Est. 1933 · New Deal Public Works · Veterans Memorial · Chickasaw National Recreation Area · Civilian Conservation Corps
Veterans Lake is a 67-acre impoundment in the western portion of the Platt Historic District of Chickasaw National Recreation Area, in Murray County, Oklahoma. The lake and its dam were constructed during the Great Depression as a New Deal public works project administered through the Civilian Conservation Corps and the Public Works Administration. The Veterans Lake dam was named as a tribute to American war veterans in 1933.
The lake originally sat outside the Platt National Park boundary; it was added to Chickasaw National Recreation Area in 1983 when the modern park boundary was established. Today the lake features a three-mile shoreline with a boat ramp, fishing dock, group shelter, picnic grounds, grills, restrooms, and the paved Veterans Trail loop. The state-record black bass hybrid, weighing eight pounds five ounces, was caught at Veterans Lake in March 2006.
The surrounding Chickasaw National Recreation Area, originally established as Sulphur Springs Reservation in 1902 and renamed Platt National Park in 1906, is a 9,898-acre unit of the National Park Service that combines the original mineral-springs reservation with the Arbuckle Recreation Area established in 1976. The Chickasaw Nation participates in interpretive programming at the park.
Sources
- https://www.nps.gov/chic/planyourvisit/vets-lake.htm
- https://www.chickasawcountry.com/nature-outdoors/veterans-lake
- https://en.wikipedia.org/wiki/Chickasaw_National_Recreation_Area
- https://livingnewdeal.org/sites/chickasaw-national-recreation-area-veterans-lake-sulphur-ok/
Apparitions
Local folklore attached to Veterans Lake describes two layered drowning narratives. The older story concerns a young mother whose son slipped underwater while she looked away; she drowned trying to recover him.
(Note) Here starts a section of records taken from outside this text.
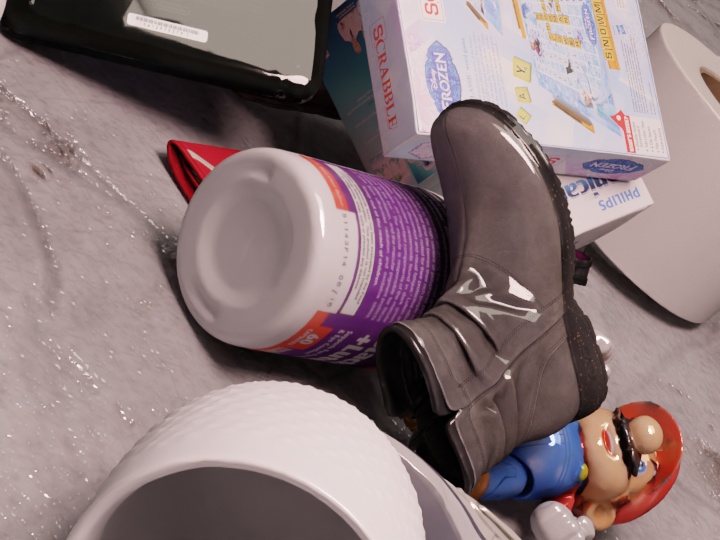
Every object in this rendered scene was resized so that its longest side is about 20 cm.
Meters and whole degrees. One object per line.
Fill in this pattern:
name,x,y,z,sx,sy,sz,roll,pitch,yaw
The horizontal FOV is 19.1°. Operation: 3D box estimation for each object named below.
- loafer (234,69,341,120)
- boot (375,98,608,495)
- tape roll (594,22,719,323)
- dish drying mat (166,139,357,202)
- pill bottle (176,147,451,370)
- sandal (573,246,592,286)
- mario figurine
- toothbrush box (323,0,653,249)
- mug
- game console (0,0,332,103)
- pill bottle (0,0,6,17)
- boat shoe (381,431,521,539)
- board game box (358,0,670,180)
loafer,0.004,-0.133,1.452,0.200,0.063,0.072,5,67,-35
boot,0.058,0.013,1.168,0.132,0.070,0.200,-24,95,-41
tape roll,0.257,-0.076,1.697,0.203,0.139,0.203,40,20,-18
dish drying mat,-0.041,-0.045,1.352,0.200,0.018,0.077,3,46,-55
pill bottle,0.000,0.000,1.236,0.200,0.111,0.111,12,40,-49
sandal,0.136,-0.017,1.543,0.075,0.048,0.200,41,24,-10
mario figurine,0.125,0.099,1.269,0.200,0.123,0.106,10,7,-42
toothbrush box,0.077,-0.097,1.389,0.146,0.085,0.200,-22,82,-39
mug,-0.023,0.138,0.941,0.200,0.148,0.175,35,15,-2
game console,-0.125,-0.180,1.355,0.200,0.116,0.176,12,64,-12
pill bottle,-0.240,-0.177,1.142,0.111,0.111,0.200,33,28,-24
boat shoe,0.051,0.151,1.132,0.200,0.072,0.066,42,21,-7
board game box,0.090,-0.161,1.346,0.199,0.041,0.200,4,68,-33

The lake's nighttime folklore describes her gliding on the water searching for the child and, in some retellings, attempting to draw visitors into the water.
A second, more recent layer describes a teenage girl killed in a boating accident on the lake. Web research did not locate a specific newspaper account, official report, or named victim corresponding to either tradition. Without verifiable anchors, both narratives are best presented as community lore rather than as documented incidents.
The lake's small-water acoustics and the surrounding wooded ridges produce the kind of after-dark atmosphere that supports unease-based folklore. The trail loop and shoreline are well lit only in the immediate area of the pavilions; the rest of the loop sits in genuine darkness.